• _YOUR ASSIGNMENT_
Filter the lines below, keeping each one that holds "drawing".

[Records excerpted from a collection]
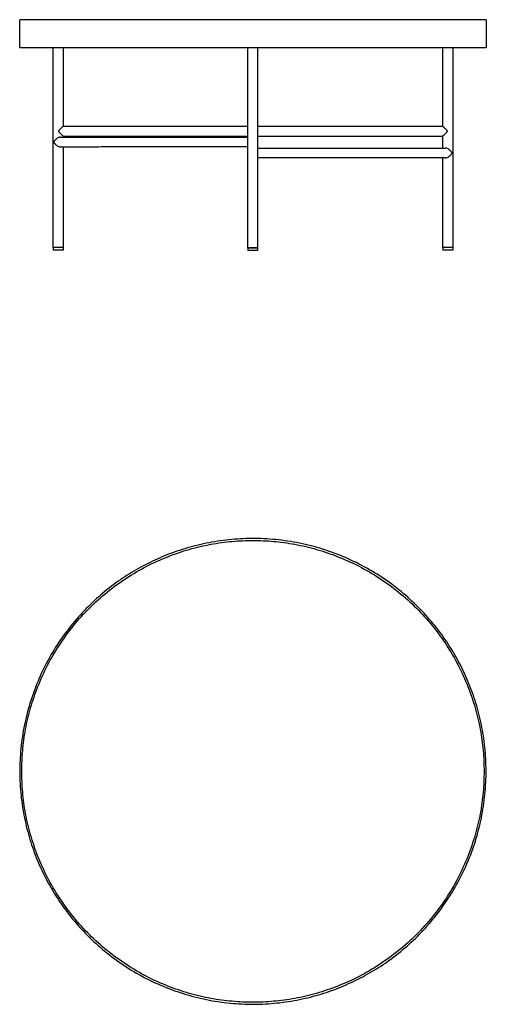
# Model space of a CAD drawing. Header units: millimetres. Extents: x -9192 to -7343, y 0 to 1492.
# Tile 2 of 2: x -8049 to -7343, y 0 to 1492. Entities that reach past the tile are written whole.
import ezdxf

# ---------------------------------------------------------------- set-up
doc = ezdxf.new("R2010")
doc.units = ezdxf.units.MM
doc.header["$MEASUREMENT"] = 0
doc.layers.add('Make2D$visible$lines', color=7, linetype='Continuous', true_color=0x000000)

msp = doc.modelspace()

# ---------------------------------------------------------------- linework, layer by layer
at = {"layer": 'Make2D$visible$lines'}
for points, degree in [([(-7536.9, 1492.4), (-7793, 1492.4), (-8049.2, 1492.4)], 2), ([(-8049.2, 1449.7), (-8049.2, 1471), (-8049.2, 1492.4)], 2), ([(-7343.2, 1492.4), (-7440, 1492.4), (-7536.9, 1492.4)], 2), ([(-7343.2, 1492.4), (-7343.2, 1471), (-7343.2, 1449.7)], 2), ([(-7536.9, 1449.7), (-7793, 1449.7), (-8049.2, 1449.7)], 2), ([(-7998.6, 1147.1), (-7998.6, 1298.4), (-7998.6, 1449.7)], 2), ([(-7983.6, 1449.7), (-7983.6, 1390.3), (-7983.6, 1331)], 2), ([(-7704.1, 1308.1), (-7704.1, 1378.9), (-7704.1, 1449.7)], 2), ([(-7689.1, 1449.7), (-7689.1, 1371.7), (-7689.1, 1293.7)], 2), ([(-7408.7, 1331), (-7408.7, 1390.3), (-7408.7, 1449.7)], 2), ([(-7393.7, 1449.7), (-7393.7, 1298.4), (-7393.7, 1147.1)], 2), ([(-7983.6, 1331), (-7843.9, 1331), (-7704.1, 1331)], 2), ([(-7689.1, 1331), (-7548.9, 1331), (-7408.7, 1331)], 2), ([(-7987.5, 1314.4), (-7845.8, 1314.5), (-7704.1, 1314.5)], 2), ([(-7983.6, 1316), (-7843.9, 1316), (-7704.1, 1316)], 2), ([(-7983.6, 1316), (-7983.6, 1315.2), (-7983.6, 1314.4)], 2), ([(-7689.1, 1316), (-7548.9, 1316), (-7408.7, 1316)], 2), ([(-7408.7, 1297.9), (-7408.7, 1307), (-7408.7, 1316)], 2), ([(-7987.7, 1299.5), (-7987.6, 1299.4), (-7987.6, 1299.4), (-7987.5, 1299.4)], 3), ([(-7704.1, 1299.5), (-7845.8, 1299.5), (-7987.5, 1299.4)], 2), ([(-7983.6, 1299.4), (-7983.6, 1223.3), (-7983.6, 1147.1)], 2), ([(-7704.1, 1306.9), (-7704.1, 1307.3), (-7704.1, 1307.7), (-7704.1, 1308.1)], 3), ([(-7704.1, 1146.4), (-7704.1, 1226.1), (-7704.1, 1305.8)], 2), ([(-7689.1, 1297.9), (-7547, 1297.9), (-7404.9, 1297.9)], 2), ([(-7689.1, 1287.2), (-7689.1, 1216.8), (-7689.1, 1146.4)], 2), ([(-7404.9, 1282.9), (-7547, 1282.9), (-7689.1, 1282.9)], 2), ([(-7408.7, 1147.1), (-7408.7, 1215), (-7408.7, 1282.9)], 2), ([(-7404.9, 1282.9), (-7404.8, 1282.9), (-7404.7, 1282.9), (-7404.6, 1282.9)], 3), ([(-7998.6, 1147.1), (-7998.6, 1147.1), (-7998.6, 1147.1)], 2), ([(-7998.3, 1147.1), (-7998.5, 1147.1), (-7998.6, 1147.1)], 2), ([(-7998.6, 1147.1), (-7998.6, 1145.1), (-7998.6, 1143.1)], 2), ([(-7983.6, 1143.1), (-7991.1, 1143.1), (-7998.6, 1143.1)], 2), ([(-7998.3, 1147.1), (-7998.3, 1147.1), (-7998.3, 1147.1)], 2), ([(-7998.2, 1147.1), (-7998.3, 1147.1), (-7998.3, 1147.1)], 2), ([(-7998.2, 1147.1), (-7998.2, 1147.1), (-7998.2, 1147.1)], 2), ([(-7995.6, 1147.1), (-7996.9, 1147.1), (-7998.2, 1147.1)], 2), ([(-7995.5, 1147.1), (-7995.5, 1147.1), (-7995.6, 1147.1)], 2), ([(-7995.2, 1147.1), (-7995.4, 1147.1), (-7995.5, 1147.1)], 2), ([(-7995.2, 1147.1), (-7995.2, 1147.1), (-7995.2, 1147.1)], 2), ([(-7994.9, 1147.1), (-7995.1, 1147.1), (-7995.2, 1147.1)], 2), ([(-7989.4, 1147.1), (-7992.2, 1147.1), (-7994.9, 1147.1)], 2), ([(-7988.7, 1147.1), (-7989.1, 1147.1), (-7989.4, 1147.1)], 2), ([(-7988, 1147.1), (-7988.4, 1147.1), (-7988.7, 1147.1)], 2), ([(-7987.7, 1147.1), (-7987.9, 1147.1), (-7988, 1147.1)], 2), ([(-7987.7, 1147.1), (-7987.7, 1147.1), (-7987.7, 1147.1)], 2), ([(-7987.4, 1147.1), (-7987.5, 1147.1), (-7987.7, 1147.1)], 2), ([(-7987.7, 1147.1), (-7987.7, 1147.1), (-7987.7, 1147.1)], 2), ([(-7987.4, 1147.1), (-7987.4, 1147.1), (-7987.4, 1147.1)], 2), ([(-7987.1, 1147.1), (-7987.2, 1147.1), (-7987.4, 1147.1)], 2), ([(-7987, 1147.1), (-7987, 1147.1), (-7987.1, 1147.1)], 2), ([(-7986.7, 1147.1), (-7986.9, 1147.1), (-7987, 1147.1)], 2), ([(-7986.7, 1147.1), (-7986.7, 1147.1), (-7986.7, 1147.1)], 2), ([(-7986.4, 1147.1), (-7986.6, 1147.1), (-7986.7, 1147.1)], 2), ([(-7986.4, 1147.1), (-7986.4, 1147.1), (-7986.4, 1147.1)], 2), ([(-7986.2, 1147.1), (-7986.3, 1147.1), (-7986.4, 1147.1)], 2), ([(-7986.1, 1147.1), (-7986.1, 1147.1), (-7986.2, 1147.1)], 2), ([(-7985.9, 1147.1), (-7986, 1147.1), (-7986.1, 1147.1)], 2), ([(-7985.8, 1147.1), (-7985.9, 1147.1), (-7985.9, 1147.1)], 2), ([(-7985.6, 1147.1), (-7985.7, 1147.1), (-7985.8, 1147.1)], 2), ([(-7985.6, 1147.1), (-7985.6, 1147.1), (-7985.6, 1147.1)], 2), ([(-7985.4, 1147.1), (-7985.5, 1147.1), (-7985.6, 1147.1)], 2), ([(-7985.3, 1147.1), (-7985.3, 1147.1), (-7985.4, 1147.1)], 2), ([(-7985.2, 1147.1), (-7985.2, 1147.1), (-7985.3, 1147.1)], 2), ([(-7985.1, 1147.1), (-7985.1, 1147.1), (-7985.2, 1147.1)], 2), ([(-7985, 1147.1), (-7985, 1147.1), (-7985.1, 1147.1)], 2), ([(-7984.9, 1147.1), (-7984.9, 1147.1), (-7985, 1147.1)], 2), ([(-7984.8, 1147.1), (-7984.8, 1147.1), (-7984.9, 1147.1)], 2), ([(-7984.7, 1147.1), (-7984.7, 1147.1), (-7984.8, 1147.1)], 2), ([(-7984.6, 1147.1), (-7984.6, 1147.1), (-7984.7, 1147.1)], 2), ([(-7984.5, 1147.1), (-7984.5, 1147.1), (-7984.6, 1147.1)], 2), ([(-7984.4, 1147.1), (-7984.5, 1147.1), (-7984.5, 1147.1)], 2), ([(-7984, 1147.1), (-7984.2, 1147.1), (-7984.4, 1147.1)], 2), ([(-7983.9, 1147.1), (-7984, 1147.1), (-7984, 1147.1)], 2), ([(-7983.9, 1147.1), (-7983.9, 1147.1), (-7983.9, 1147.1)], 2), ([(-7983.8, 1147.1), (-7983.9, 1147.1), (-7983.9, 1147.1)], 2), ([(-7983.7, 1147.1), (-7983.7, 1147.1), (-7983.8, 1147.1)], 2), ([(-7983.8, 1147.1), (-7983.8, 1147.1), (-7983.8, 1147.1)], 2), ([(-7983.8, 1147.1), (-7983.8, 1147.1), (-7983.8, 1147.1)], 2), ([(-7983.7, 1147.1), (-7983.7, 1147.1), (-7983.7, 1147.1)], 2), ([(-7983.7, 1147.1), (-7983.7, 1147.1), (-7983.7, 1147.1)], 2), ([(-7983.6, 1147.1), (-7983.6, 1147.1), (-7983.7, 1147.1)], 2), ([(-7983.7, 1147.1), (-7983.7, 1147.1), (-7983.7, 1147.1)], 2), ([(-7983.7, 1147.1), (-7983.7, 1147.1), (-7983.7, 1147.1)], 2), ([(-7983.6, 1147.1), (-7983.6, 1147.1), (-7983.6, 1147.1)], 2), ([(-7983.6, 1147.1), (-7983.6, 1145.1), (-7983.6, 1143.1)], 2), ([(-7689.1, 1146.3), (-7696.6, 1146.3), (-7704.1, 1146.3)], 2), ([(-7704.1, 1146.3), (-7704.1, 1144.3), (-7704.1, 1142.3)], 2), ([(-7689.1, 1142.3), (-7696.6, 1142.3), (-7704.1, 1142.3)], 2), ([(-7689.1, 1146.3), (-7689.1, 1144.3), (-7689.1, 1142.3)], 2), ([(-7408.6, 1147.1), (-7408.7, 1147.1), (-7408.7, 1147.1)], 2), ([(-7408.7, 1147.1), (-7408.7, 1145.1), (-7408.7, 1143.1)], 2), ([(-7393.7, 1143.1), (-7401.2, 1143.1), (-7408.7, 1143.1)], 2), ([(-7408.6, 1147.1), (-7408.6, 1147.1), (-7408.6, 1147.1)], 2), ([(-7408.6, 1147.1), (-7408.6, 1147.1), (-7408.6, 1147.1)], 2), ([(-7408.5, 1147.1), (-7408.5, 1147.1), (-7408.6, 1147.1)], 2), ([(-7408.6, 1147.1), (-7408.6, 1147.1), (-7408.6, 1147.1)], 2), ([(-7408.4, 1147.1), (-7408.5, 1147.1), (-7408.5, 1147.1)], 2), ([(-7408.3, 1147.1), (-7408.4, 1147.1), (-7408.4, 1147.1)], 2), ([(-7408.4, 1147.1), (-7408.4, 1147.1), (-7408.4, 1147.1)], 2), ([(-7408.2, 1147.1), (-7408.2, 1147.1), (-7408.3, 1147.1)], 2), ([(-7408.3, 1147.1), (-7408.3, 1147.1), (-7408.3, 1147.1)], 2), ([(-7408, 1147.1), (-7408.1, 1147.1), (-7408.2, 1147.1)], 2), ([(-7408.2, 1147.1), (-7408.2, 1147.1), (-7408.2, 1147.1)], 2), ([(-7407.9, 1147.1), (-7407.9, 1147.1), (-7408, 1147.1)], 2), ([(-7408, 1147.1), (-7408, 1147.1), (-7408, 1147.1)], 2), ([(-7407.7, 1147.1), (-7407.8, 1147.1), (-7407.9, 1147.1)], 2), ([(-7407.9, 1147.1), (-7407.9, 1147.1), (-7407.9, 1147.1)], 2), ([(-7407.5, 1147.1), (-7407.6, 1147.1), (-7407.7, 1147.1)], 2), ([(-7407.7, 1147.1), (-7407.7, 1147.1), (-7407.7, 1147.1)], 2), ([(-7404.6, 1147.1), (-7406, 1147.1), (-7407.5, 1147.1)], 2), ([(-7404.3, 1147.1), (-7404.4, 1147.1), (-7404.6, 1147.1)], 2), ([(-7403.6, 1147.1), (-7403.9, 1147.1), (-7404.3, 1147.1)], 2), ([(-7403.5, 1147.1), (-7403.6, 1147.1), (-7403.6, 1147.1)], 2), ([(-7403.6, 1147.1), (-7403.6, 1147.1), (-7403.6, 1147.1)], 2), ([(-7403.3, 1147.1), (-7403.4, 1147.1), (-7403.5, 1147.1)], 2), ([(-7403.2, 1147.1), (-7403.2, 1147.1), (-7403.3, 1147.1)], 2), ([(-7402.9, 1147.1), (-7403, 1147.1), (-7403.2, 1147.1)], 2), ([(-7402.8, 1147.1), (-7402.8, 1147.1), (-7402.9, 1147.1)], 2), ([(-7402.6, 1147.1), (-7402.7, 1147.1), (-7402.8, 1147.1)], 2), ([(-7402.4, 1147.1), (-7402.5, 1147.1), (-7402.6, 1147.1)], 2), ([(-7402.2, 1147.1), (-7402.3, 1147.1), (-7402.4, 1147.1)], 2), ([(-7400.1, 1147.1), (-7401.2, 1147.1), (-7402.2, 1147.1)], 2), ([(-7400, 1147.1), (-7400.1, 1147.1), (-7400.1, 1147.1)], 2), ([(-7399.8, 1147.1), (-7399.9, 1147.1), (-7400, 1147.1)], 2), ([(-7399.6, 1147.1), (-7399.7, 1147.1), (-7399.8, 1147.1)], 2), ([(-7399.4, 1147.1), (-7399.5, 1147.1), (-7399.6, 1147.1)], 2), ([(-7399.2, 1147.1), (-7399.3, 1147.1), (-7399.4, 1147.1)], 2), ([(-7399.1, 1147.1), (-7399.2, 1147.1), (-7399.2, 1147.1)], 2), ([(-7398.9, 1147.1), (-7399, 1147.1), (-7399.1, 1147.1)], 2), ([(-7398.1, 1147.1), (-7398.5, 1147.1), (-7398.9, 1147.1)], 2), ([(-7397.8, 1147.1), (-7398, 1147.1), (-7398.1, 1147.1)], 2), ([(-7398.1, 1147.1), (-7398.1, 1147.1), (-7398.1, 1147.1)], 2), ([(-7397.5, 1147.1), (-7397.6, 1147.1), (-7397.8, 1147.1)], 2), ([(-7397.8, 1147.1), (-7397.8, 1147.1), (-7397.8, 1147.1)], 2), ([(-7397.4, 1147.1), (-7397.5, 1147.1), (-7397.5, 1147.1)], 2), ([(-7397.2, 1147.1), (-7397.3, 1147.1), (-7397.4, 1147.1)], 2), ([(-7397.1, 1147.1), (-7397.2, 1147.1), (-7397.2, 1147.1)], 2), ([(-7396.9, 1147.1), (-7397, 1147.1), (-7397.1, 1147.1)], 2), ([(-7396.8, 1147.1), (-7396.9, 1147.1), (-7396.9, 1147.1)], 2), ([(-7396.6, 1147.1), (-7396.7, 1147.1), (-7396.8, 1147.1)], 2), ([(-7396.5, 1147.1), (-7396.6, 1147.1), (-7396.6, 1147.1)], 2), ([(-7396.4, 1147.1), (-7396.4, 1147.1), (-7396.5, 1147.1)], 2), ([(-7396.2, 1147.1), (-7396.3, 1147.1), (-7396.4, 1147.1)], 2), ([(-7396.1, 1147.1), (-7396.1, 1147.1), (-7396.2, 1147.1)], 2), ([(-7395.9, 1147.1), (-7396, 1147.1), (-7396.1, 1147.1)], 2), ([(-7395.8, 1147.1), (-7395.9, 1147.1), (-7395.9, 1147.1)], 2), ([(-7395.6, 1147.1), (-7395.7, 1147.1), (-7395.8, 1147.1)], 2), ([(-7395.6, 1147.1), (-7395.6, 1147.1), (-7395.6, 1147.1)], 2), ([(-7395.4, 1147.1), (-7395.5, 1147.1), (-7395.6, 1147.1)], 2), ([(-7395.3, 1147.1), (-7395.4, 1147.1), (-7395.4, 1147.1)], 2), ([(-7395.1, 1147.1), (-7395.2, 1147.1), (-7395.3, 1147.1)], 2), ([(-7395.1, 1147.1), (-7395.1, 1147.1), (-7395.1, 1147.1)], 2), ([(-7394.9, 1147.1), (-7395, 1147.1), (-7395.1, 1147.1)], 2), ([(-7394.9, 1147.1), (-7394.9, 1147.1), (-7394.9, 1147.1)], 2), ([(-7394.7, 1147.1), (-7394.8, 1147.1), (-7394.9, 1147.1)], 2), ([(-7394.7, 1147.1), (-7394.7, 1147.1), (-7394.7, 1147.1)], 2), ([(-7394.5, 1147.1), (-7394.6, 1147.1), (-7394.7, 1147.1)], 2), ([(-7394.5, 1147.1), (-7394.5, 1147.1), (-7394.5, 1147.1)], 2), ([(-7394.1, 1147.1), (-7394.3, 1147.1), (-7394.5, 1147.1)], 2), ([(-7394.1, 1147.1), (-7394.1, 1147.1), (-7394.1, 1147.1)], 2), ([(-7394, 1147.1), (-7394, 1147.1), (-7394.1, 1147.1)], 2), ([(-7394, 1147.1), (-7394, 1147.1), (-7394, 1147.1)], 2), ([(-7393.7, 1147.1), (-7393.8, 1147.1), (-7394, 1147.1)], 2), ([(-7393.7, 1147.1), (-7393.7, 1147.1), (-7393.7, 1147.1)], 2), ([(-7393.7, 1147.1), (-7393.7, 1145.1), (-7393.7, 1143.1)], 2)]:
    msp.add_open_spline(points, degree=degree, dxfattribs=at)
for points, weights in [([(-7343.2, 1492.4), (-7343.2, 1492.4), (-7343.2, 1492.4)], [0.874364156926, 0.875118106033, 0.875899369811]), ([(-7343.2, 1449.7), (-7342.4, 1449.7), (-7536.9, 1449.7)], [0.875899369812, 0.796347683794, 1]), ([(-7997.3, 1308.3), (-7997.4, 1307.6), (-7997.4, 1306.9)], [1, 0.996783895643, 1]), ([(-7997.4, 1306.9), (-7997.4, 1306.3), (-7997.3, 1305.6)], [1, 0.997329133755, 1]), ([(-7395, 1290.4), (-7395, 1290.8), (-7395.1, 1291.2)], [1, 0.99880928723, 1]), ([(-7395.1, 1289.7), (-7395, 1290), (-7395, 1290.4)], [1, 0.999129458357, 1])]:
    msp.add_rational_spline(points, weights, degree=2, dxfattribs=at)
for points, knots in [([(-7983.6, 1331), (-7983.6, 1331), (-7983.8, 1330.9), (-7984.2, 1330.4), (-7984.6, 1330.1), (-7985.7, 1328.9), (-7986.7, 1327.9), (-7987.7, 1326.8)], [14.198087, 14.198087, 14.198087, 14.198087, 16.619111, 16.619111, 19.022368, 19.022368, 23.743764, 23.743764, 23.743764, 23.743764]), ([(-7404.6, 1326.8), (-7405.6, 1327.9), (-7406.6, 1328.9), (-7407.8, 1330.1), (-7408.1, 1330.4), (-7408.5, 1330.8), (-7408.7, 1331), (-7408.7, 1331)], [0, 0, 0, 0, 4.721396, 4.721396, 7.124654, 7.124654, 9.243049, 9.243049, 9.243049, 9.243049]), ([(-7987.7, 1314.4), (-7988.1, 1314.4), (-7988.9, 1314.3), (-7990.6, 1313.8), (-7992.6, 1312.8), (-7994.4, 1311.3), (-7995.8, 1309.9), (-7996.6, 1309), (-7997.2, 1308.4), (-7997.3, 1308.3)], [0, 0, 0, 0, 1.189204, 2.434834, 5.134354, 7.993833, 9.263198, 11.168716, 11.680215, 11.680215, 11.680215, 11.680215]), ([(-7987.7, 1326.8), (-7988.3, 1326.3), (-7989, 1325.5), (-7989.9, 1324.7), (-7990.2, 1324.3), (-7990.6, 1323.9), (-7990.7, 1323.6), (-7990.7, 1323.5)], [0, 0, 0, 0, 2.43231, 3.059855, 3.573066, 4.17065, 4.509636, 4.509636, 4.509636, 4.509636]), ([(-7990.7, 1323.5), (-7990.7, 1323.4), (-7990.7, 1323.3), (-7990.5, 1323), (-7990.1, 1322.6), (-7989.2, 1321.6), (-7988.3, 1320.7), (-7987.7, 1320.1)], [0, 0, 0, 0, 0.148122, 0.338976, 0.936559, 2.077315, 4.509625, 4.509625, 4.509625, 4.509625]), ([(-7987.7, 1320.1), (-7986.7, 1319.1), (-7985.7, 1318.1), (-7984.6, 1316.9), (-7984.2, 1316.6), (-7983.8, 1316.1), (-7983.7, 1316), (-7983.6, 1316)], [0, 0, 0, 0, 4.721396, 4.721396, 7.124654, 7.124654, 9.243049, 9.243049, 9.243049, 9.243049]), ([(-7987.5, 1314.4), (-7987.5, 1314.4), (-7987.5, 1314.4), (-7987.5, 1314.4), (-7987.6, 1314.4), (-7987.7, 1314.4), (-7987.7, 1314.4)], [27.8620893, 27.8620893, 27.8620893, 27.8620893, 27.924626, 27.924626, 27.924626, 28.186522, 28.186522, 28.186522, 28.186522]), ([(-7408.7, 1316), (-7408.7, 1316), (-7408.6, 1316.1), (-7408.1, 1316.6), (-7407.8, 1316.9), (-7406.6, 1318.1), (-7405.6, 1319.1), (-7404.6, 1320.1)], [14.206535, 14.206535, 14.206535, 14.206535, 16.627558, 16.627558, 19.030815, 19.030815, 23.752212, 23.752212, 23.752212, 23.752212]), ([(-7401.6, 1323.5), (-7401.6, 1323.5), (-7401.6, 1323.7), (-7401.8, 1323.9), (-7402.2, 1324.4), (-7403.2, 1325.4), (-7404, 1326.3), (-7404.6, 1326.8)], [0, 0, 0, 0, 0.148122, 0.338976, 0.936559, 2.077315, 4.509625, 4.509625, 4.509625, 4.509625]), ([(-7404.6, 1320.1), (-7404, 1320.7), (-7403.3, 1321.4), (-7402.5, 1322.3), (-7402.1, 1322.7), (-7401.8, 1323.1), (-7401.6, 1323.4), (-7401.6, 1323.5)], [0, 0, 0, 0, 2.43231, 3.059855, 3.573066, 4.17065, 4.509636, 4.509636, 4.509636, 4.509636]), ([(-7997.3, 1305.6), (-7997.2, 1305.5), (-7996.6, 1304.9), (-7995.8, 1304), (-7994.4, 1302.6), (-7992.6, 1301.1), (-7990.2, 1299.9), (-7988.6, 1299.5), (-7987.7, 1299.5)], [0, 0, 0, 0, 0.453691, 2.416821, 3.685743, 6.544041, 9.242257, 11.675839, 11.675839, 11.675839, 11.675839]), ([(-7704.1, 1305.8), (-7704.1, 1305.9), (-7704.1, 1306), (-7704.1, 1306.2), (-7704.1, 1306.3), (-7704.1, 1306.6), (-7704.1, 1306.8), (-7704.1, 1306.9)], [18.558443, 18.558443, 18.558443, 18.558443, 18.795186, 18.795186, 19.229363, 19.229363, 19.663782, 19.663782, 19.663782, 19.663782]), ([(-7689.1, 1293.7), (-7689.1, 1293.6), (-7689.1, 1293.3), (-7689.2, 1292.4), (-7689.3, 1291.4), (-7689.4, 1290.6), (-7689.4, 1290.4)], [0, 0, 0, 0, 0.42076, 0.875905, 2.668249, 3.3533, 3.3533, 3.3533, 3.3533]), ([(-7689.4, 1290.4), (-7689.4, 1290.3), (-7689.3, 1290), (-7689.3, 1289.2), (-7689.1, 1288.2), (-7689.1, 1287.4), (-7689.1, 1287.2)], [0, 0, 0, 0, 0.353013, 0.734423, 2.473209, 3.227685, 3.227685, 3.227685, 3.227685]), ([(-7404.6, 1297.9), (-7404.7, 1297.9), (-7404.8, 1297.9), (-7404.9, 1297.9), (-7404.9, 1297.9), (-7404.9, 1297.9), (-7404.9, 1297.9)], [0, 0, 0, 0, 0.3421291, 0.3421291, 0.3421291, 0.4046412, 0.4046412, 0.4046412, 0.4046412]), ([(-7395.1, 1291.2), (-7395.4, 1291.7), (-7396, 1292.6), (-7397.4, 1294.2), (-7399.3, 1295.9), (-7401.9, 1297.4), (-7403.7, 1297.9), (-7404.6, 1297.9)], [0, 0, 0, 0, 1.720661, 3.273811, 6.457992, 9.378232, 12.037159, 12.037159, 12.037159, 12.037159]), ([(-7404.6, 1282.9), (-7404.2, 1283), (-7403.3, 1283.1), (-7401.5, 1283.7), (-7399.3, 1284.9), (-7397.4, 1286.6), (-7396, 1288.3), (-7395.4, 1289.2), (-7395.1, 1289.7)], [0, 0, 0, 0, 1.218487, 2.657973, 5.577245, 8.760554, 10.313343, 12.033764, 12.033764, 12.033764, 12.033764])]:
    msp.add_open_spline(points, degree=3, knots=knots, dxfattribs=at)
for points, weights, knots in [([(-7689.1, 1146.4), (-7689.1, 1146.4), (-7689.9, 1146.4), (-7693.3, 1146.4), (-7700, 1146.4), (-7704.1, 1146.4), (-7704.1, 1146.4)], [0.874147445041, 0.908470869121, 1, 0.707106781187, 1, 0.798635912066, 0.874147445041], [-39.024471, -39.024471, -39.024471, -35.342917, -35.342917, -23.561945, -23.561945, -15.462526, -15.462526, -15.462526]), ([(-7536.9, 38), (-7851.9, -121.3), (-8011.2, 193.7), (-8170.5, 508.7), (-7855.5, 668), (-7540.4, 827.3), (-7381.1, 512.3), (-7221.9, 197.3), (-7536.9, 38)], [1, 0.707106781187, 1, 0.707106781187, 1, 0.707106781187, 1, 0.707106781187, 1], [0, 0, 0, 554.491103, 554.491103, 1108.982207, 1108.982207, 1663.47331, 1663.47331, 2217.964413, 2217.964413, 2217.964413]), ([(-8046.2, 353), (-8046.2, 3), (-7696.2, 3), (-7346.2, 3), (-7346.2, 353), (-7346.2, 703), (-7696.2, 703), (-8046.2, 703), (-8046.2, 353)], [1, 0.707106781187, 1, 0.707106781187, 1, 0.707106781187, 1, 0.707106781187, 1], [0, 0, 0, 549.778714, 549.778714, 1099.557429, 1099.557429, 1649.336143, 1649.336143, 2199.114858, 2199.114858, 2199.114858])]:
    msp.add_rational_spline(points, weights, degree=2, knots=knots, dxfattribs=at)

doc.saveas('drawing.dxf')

• _ANSWER TO THIS EXERCISE_
# Model space of a CAD drawing. Header units: millimetres. Extents: x -9192 to -7343, y 0 to 1492.
doc.saveas('drawing.dxf')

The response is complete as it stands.